La storia delle pievi romaniche astigiane si intreccia a quella della quotidianità e della devozione contadina dei piccoli borghi. 

Oggi molte di queste chiesette rurali appaiono trasformate in cappelle cimiteriali o destinate ad altre funzioni, pur mantenendo inalterato il loro fascino antico.

Pievi romaniche ad Asti

Il nostro tour tra le pievi romaniche astigiane parte dall'edificio più famoso e importante di tutti, l'Abbazia di Santa Maria di Vezzolano.

È questo l'esempio più rappresentativo del Romanico astigiano: il più antico documento che lo riguarda reca la data del 1095, mentre la leggenda ne associa la nascita direttamente a Carlo Magno.

Si narra che questi, cacciando nei boschi presso Albugnano dopo la vittoria sui longobardi del 1774, fu colto da un'orribile visione e un attacco di epilessia. Guarito per intercessione della Madonna, Carlo Mango avrebbe disposto l'edificazione dell'abbazia.

La facciata è decorata da capitelli e statue; l'interno è in forme gotiche di derivazione francese. A pochi passi dal portale si ammira uno degli elementi di massimo interesse dell'edificio: il nartece, porticato poggiante su cinque arcate decorate. 

Uno dei motivi di fascino dell'abbazia e di tutte le pievi romaniche astigiane è l'atmosfera di isolamento che le connota, tra dolci declivi, vallate e vigneti, spesso seminascoste e immerse in paesaggi bucolici che donano benessere.

Chiesa di San Secondo di Cortazzone

Solitaria, sulla collina di Mongiglietto, fra vigneti e boschi, sorge la Chiesa di San Secondo con pianta basilicale a tre navate.

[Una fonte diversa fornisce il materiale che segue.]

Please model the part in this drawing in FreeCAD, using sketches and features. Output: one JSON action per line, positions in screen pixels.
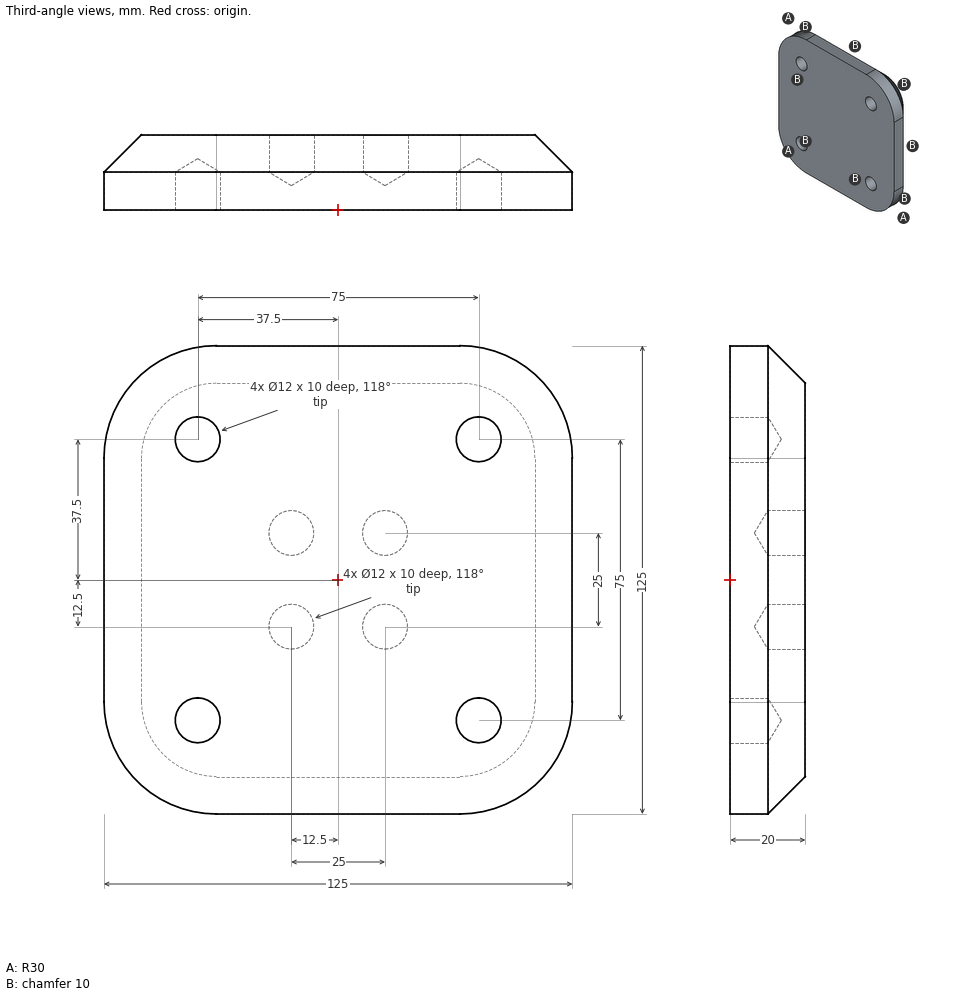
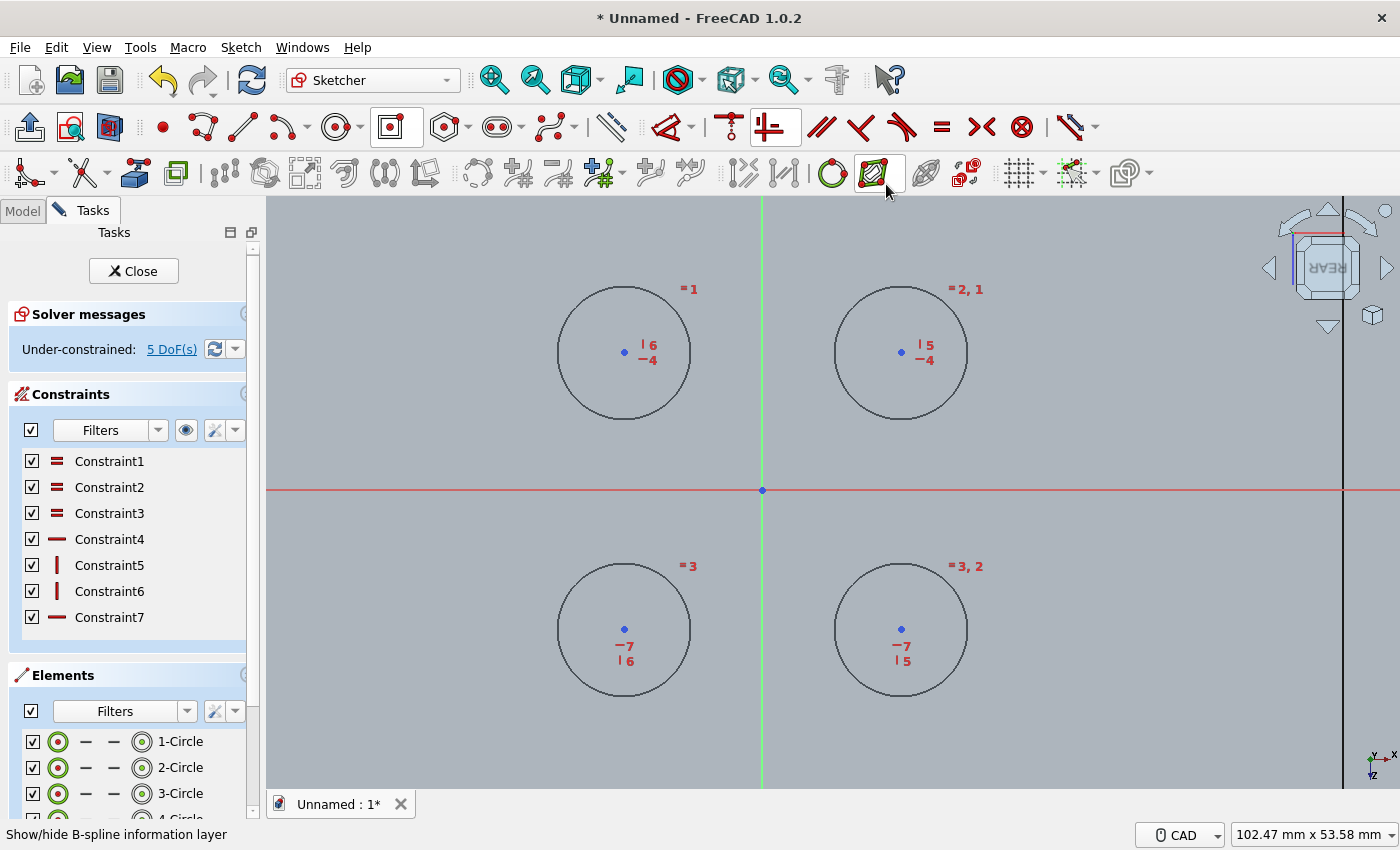
{"action": "key", "text": "d"}

All'austerità della facciata corrisponde la ricchezza delle decorazioni scultoree, dove si inseguono cornici, figure geometriche, vegetali e zoomorfe che celebrano l'incontro tra l'uomo e la natura: la testimonianza più ricca e variegata degli scalpellini che operarono sulle pievi romaniche astigiane e dei loro inconfondibili segni di bottega. L'interno è di rara bellezza e nell'abside centrale campeggia un'affresco del XIV secolo. 

Chiesa di San Nazario e Celso di Montechiaro d’Asti

Uno dei vertici del cosiddetto "triangolo d'oro" delle pievi romaniche astigiane passa per la Chiesa di San Nazario e Celso.

Il contesto è sempre quello bucolico di un colle verde di maggenghi o infuocato di grano, raggiungibile solo a piedi. L'edificio è unico nel suo genere per proporzioni, minuscola la chiesa e imponente il campanile; per i cromatismi tra pietra candida e mattoni rossi. All'esterno si rincorrono motivi floreali e un animale mostruoso che si morde la coda, inserito in un insieme di motivi geometrici. Bellissimo l'arco del portale della facciata, decorato a cornucopia e intarsi policromi a dente di lupo.

Chiesa di San Lorenzo di Montiglio

Di ubicazione cimiteriale, alle porte del paese, è la Chiesan di San Lorenzo di Montiglio.

La facciata è stata purtroppo ricostruita e non è degna di nota; lo stile Romanico astigiano si ravvisa invece nelle fiancate e nell'abside.

Eleganti monofore e archetti, motivi a doppia treccia, giochi cromatici dell'arenaria alternata al mattone, capitelli sontuosi e fantastiche decorazioni antropomorfe e zoomorfe.

Il tour tra le pievi romaniche astigiane, immerse nel verde, è un toccasana per gli occhi e lo spirito, che in questa armonia di luoghi ritrova un patrimonio inestimabile di fantasia e religiosità popolare.